Она кивнула, и я поняла, что произнесла ее имя вслух.

– Джубили Дженкинс, – произнесла она, так и не перестав улыбаться. Теперь она на расстоянии вытянутой руки, и я инстинктивно сжала пистолет колонки крепче.

Я увидела, как она меня осматривает: черные тренировочные штаны, перчатки, канистра, которую я прижимаю к боку будто бы громоздкую сумку, – и мне снова шестнадцать, и я отчаянно хочу быть хоть чуть похожей на нее.
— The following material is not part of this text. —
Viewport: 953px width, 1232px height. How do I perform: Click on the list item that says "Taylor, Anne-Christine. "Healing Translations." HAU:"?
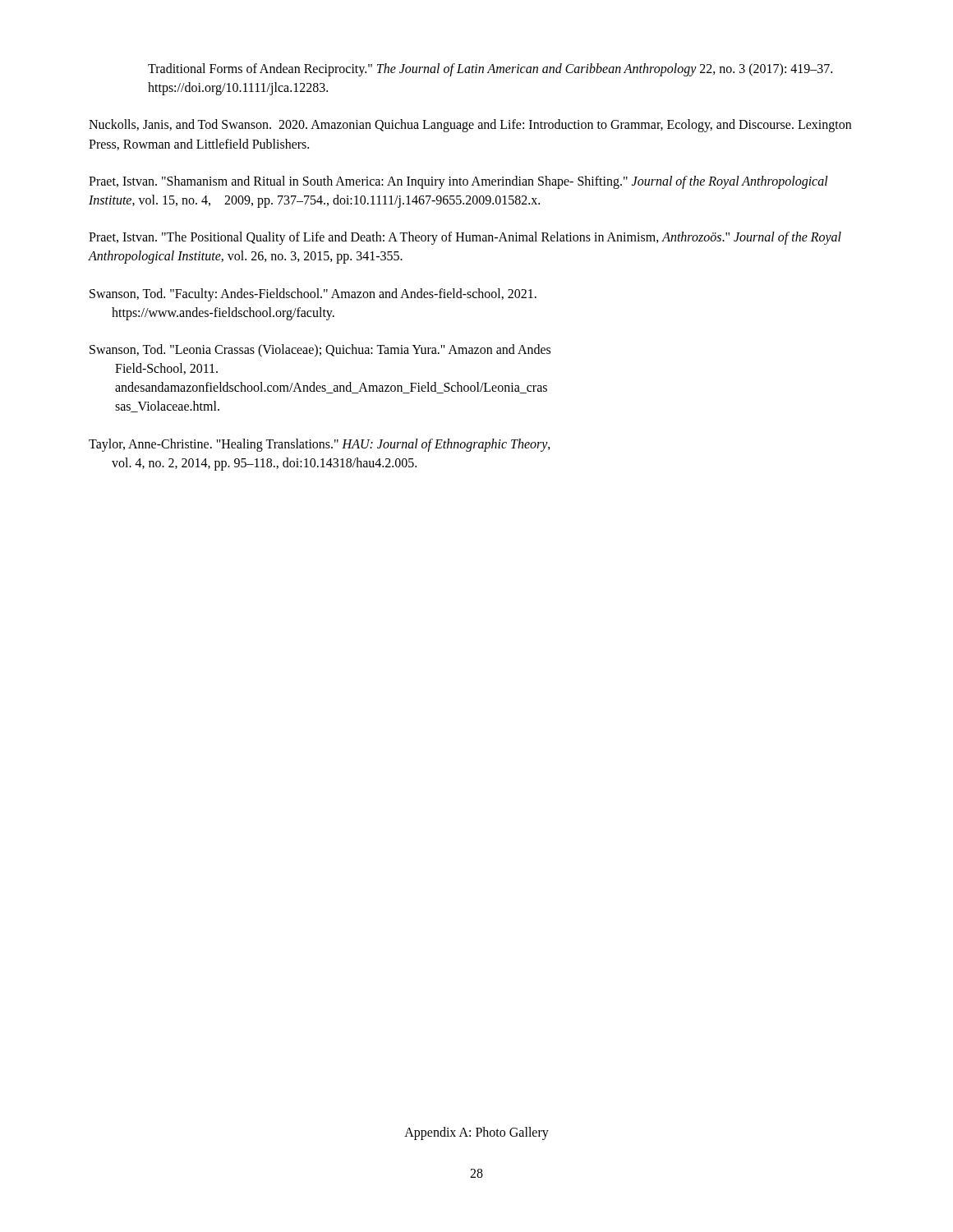coord(320,453)

– Я слышала, что ты… эммм… переехала. – Глаза ее спустились вниз и влево.

Интересно, какие были слухи на самом деле. Что я умерла, уехала с бродячим цирком, вступила в сверхсекретную правительственную исследовательскую программу? Когда мы переехали в Джерси и я поступила в школу в Линкольне, единственной радостью было то, что я могу начать все сначала – быть кем-то новым. Кроме руководства школы и медсестры, с которыми мы встретились еще до начала учебного года, мне никому не нужно было говорить о моем состоянии. Я и не говорила. И, насколько я могла судить, учителя сохранили мой секрет. Но и это не остановило взгляды, шепотки и слухи в школьных коридорах и на уроках.